Lo interesante es que los Kalibr dotan a buques de escaso porte. Buques pertenecientes a una nueva generación de unidades llamadas a sustituir a la añeja flota heredada de la URSS. Los rusos están intercambiando tonelaje por número de buques. Pensemos en las corbetas Buyan (de 75 mts; previstas 15) y Karakurt (de 67 mts; previstas 18). Mientras que las fragatas Steregushchiy (de 105 mts; previstas 24) también son susceptibles de embarcarlo, aunque de momento operen con el SS-N-25 (130-200 kms de alcance).En definitiva, el hecho de que los Kalibr puedan ser lanzados desde plataformas relativamente pequeñas permite a Rusia disponer de un número mucho más relevante de “baterías móviles” que si -como sucedía antaño- los ingenios de mayor alcance sólo dotaran a los cruceros o grandes destructores, mucho menos numerosos, por razones de coste. Así que estas corbetas dotan a las FAS rusas de una gran flexibilidad, siendo difícilmente anulables por cualquier rival dada su movilidad y dispersión.

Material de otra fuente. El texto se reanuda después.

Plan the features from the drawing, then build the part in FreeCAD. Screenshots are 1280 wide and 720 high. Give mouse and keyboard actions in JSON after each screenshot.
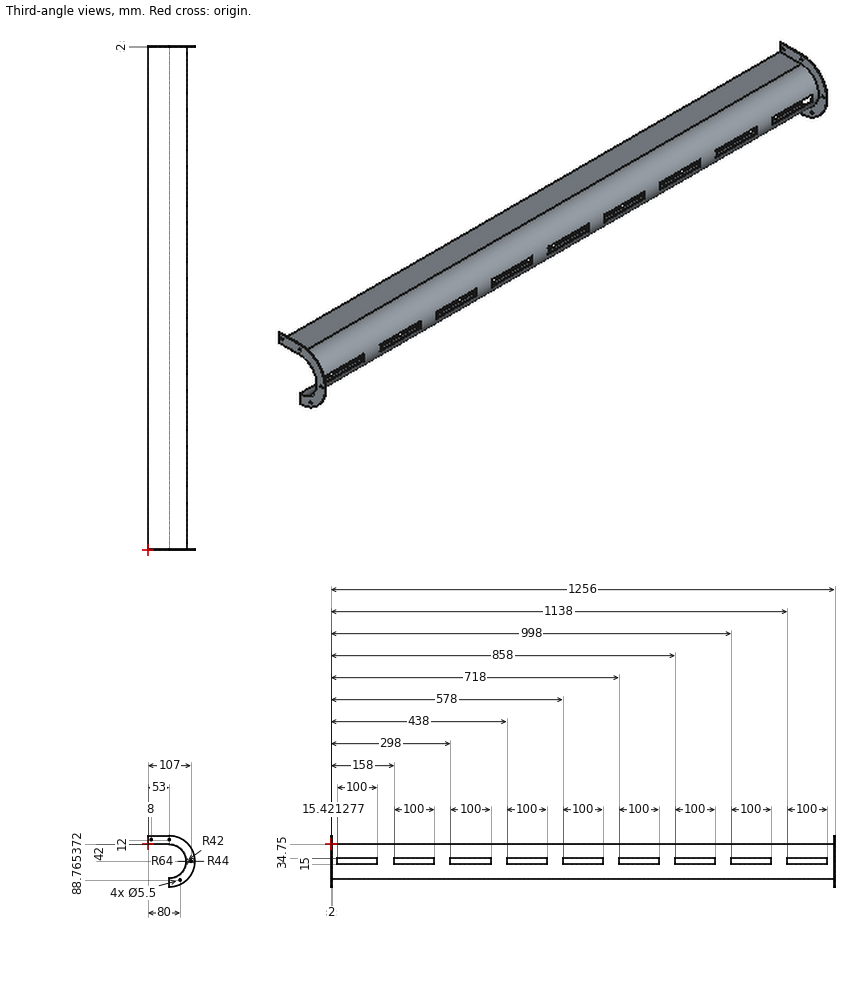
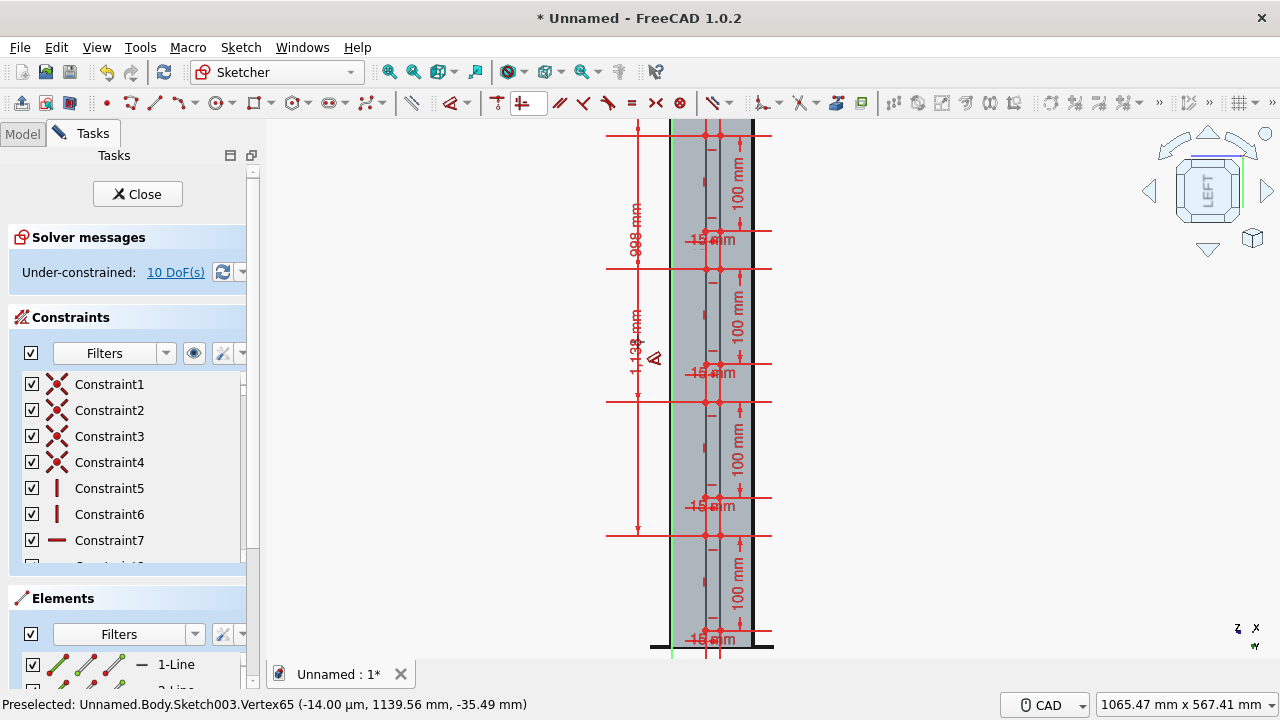
{"action": "scroll", "coordinate": [708, 539], "scroll_direction": "down", "scroll_amount": 6}

En el Ártico, y sin perjuicio de la protección pasiva ofrecida por su propio alcance, los buques portadores de misiles Kalibr aún podrían ser afrentados por aviones como los P-8, dotados con ASM Harpoon, ya que la defensa aérea no es el punto fuerte de esas corbetas y fragatas[7]. Por ello, la idea rusa sería que, aprovechando el alcance de sus misiles, esos buques hicieran su labor no muy alejados de la costa, al amparo del paraguas ofrecido por sus propios radares, SAM y cazabombarderos… precisamente los desplegados desde algunas de las bases aéreas citadas unos párrafos más atrás. Desde este punto de vista, se reforzarse la idea de que los rusos están desarrollando una estrategia de A2/AD adaptada al Ártico. Aunque, como también ocurre con la que China despliega en el mar homónimo, eso no excluye que sea compatible con lógicas de expansión territorial o de control de las zonas en disputa con los Estados vecinos.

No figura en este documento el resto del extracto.